Identifies vendor lock-in, platform fragility, and carve-out risks, but also operational behaviors: whether escalation paths work under pressure (not just on paper), whether teams make fast decisions or finger-point, whether operational discipline exists beyond documentation. We measure 108 signals across infrastructure (systems), IT processes (how operations should run), and operational discipline (how it actually runs).
- Vendor lock-in → platform migration required ($1M-$5M, 12-18 months)
- Brittle infrastructure → scaling blockers at 2-3x growth
- Carve-out complexity → parent dependencies delay close (6-12 months)
- Enterprise system debt → CRM/ERP replacement needed
- Poor DR/BCP → regulatory compliance gaps, acquisition risk
Cybersecurity Capabilities
"Stop Paying for Compliance Theater"
Reveals $2M+ EBITDA drag from tool sprawl and shelfware, but also security culture risk: whether security decisions have teeth when they conflict with shipping, whether incidents trigger real escalation or get swept under, whether controls exist in practice or just in policy. We measure 108 signals across security controls (systems), security processes (incident response, vulnerability management), and security culture (whether it's enforced under pressure).
- Tool sprawl → 37% redundant spend, $800K-$1.2M waste
- Shelfware → $400K-$800K in licensed-but-unused capabilities
- Compliance theater → audit-passing controls with zero real protection
- Coverage gaps → critical assets unprotected despite high spend
- Breach risk → vulnerabilities that would trigger insurance/customer consequences
Three Engagement Models
Rapid Scan for competitive bids. Full TRI for platform acquisitions. Portfolio Monitoring for value creation governance.
Rapid Scan
Single domain assessment. Choose AI & Data Readiness (recommended for PE), Engineering Health, Technology Operations, or Cybersecurity. Pre-LOI screening, competitive bids, focused risk evaluation.
- 93-113 signals (domain-dependent)
- 12-16 dimensions
- Deal partner 2-pager + IC presentation
- Risk heat map + kill switches
- Industry benchmarking
Full TRI Assessment
All 4 domains. 420+ signals across AI, Engineering, Operations, Security. Complete technical risk profile. Platform acquisitions, complex environments, integration planning.
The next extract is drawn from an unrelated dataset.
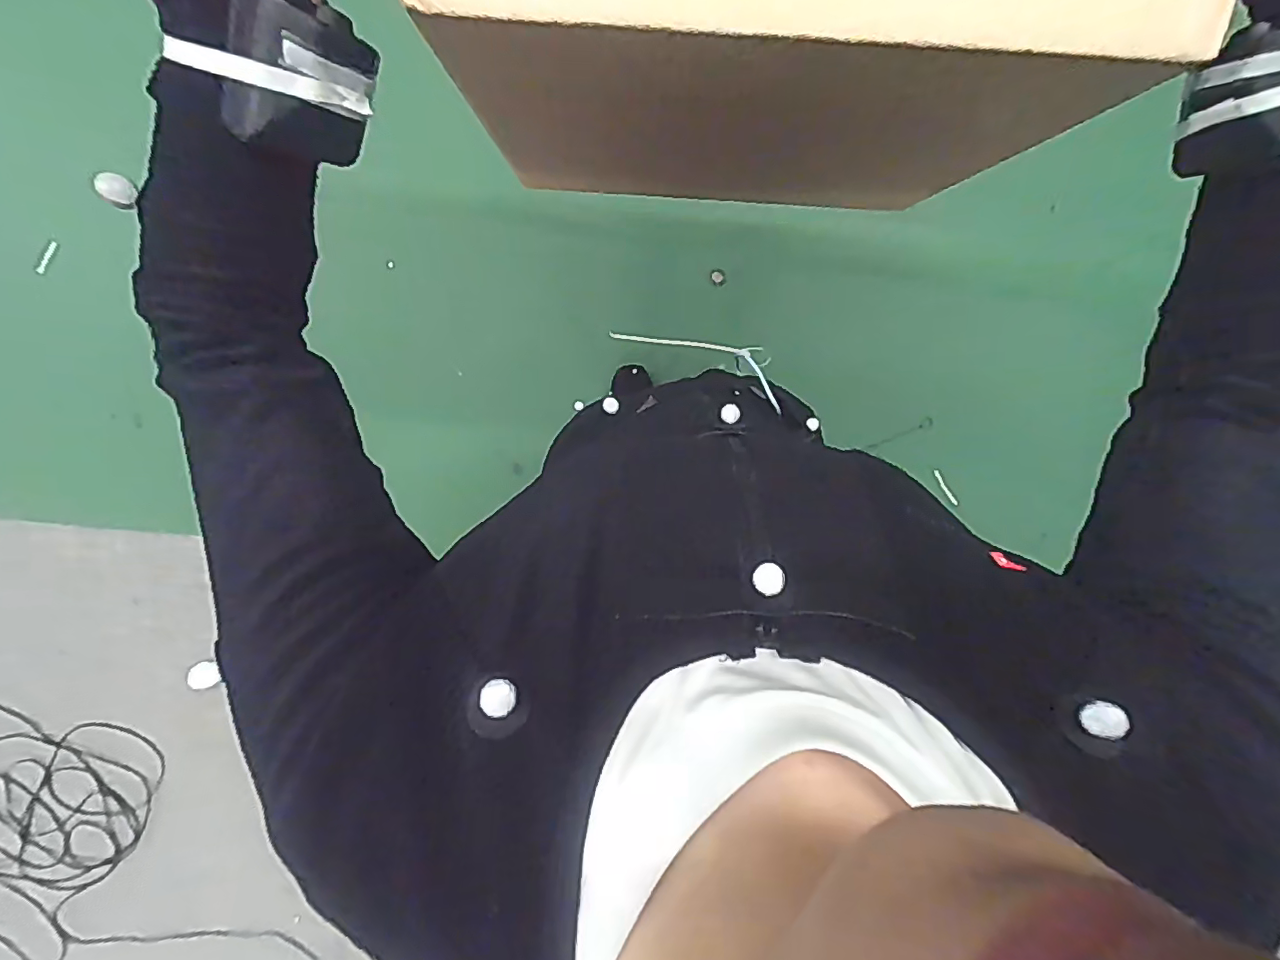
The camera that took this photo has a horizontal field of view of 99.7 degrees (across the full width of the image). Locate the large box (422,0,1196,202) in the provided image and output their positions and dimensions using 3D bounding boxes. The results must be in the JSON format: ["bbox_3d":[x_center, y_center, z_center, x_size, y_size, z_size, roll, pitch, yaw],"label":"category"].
[{"bbox_3d":[0.086,-0.410,0.387,0.408,0.320,0.320,2,104,-1],"label":"large box"}]

- 420+ signals across 4 domains
- 52 total dimensions
- 6 stakeholder views
- Integration cost prediction (±15%)
- Tech debt quantification ($M)
- CTO network access
Portfolio Monitoring
Portfolio-wide technical governance. Quarterly signal refresh, early warning system, optimization recommendations, LP dashboards. Prevent $5M-$15M value destruction annually.
- Quarterly reassessment
- Portfolio dashboards
- Early warning (CTO failure, tech debt, AI drift)
- Optimization (15-35% security cost reduction)
- Exit readiness documentation
How We Structure Evidence Collection: Intent, Fear, Kill Switch
"Technical due diligence shouldn't be an inventory of what exists. It should be a prediction of what will happen and specifically, what could go wrong. The right question: What could kill this deal and how would we know?"
Forbes Tech Council, February 2026
Intent
Why are you acquiring this company? Acqui-hire? Platform? Customer base? Growth driver? Each intent implies different technical AND behavioral risks. We structure evidence collection around your investment thesis, measuring the systems, processes, and behaviors that matter for your specific outcome.
Fear
What scenarios would make this investment fail? Can't scale (systems risk)? Can't integrate (process risk)? Key engineers leave (behavioral risk)? We collect evidence across all three layers that directly address your specific concerns, not generic checklists.
Kill Switch
What evidence would definitively answer each fear? Not "code is messy" but "$4M, 18-month GDPR rewrite required, confirmed via engineering interviews, tested against similar rewrites in our portfolio data." Quantified cost, timeline, business impact, and behavioral proof (can they actually execute the fix?).